Increases in aridity lead to drastic shifts in the assembly of dryland complex microbial networks

Manuel Delgado-Baquerizo*, Guilhem Doulcier, David J. Eldridge, Daniel B. Stouffer, Fernando T. Maestre, Juntao Wang, Jeff R. Powell, Thomas C. Jeffries, Brajesh K. Singh

*Corresponding author for this work

Research output: Contribution to journalArticlepeer-review

31 Scopus citations

Abstract

We have little information on how and why soil microbial community assembly will respond to predicted increases in aridity by the end of this century. Here, we used correlation networks and structural equation modeling to assess the changes in the abundance of the ecological clusters including potential winner and loser microbial taxa associated with predicted increases in aridity.
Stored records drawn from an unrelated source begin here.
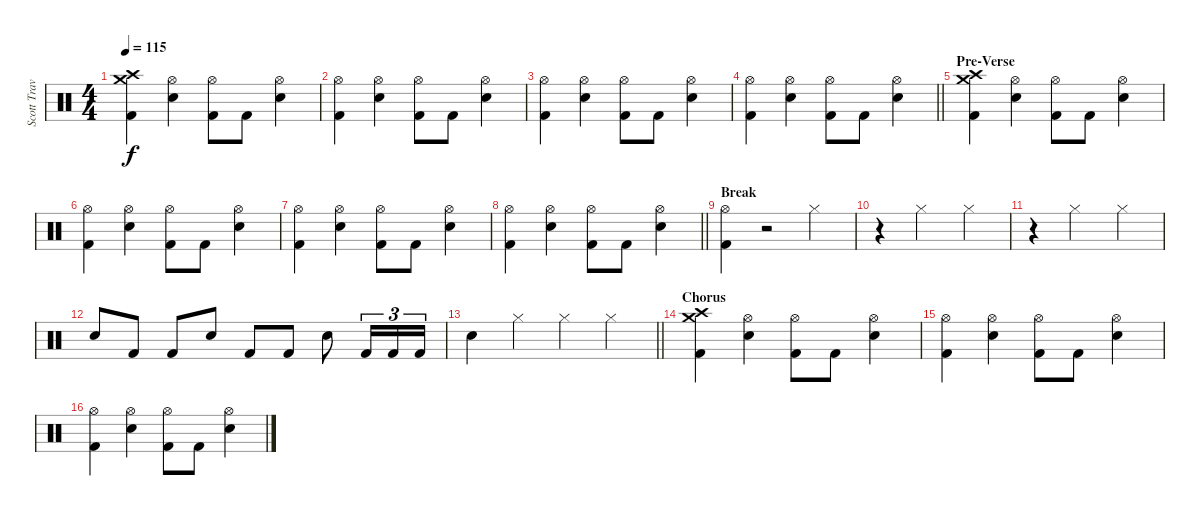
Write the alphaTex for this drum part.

\track ("Scott Travis" "Scott Trav") {instrument percussion}
\staff {score}
\articulation defaults
\ts (4 4)
\tempo 115
\clef neutral
\ks c
("Crash medium (hit)" "Crash high (hit)" "Kick (hit) 2").4{dy f} ("Hi-Hat (open)" "Snare (hit) 2").4 ("Hi-Hat (open)" "Kick (hit) 2").8 "Kick (hit) 2".8 ("Hi-Hat (open)" "Snare (hit) 2").4 |
("Hi-Hat (open)" "Kick (hit) 2").4 ("Hi-Hat (open)" "Snare (hit) 2").4 ("Hi-Hat (open)" "Kick (hit) 2").8 "Kick (hit) 2".8 ("Hi-Hat (open)" "Snare (hit) 2").4 |
("Hi-Hat (open)" "Kick (hit) 2").4 ("Hi-Hat (open)" "Snare (hit) 2").4 ("Hi-Hat (open)" "Kick (hit) 2").8 "Kick (hit) 2".8 ("Hi-Hat (open)" "Snare (hit) 2").4 |
\barLineRight lightlight
("Hi-Hat (open)" "Kick (hit) 2").4 ("Hi-Hat (open)" "Snare (hit) 2").4 ("Hi-Hat (open)" "Kick (hit) 2").8 "Kick (hit) 2".8 ("Hi-Hat (open)" "Snare (hit) 2").4 |
\section ("" "Pre-Verse")
("Crash medium (hit)" "Crash high (hit)" "Kick (hit) 2").4 ("Hi-Hat (open)" "Snare (hit) 2").4 ("Hi-Hat (open)" "Kick (hit) 2").8 "Kick (hit) 2".8 ("Hi-Hat (open)" "Snare (hit) 2").4 |
("Hi-Hat (open)" "Kick (hit) 2").4 ("Hi-Hat (open)" "Snare (hit) 2").4 ("Hi-Hat (open)" "Kick (hit) 2").8 "Kick (hit) 2".8 ("Hi-Hat (open)" "Snare (hit) 2").4 |
("Hi-Hat (open)" "Kick (hit) 2").4 ("Hi-Hat (open)" "Snare (hit) 2").4 ("Hi-Hat (open)" "Kick (hit) 2").8 "Kick (hit) 2".8 ("Hi-Hat (open)" "Snare (hit) 2").4 |
\barLineRight lightlight
("Hi-Hat (open)" "Kick (hit) 2").4 ("Hi-Hat (open)" "Snare (hit) 2").4 ("Hi-Hat (open)" "Kick (hit) 2").8 "Kick (hit) 2".8 ("Hi-Hat (open)" "Snare (hit) 2").4 |
\section ("" "Break")
("Hi-Hat (open)" "Kick (hit) 2").4 r.2 "Hi-Hat (closed)".4 |
r.4 "Hi-Hat (closed)".2 "Hi-Hat (closed)".4 |
r.4 "Hi-Hat (closed)".2 "Hi-Hat (closed)".4 |
"Snare (hit) 2".8 "Kick (hit) 2".8 "Kick (hit) 2".8 "Snare (hit) 2".8 "Kick (hit) 2".8 "Kick (hit) 2".8 "Snare (hit) 2".8 "Kick (hit) 2".16{tu (3 2)} "Kick (hit) 2".16{tu (3 2)} "Kick (hit) 2".16{tu (3 2)} |
\barLineRight lightlight "Snare (hit) 2".4 "Hi-Hat (closed)".4 "Hi-Hat (closed)".4 "Hi-Hat (closed)".4
|
\section ("" "Chorus")
("Crash medium (hit)" "Crash high (hit)" "Kick (hit) 2").4 ("Hi-Hat (open)" "Snare (hit) 2").4 ("Hi-Hat (open)" "Kick (hit) 2").8 "Kick (hit) 2".8 ("Hi-Hat (open)" "Snare (hit) 2").4 |
("Hi-Hat (open)" "Kick (hit) 2").4 ("Hi-Hat (open)" "Snare (hit) 2").4 ("Hi-Hat (open)" "Kick (hit) 2").8 "Kick (hit) 2".8 ("Hi-Hat (open)" "Snare (hit) 2").4 |
("Hi-Hat (open)" "Kick (hit) 2").4 ("Hi-Hat (open)" "Snare (hit) 2").4 ("Hi-Hat (open)" "Kick (hit) 2").8 "Kick (hit) 2".8 ("Hi-Hat (open)" "Snare (hit) 2").4

To do this, we conducted a field survey in an environmental gradient from eastern Australia and obtained information on bacterial and fungal community composition for 120 soil samples and multiple abiotic and biotic factors. Overall, our structural equation model explained 83% of the variance in the two mesic modules. Increases in aridity led to marked shifts in the abundance of the two major microbial modules found in our network, which accounted for >99% of all phylotypes. In particular, the relative abundance of one of these modules, the Mesic Module #1, which was positively related to multiple soil properties and plant productivity, declined strongly with aridity. Conversely, the relative abundance of a second dominant module (Xeric Module #2) was positively correlated with increases in aridity. Our study provides evidence that network analysis is a useful tool to identify microbial taxa that are either winners or losers under increasing aridity and therefore potentially under changing climates. Our work further suggests that climate change, and associated land degradation, could potentially lead to extensive microbial phylotypes exchange and local extinctions, as demonstrated by the reductions of up to 97% in the relative abundance of microbial taxa within Mesic Module #1.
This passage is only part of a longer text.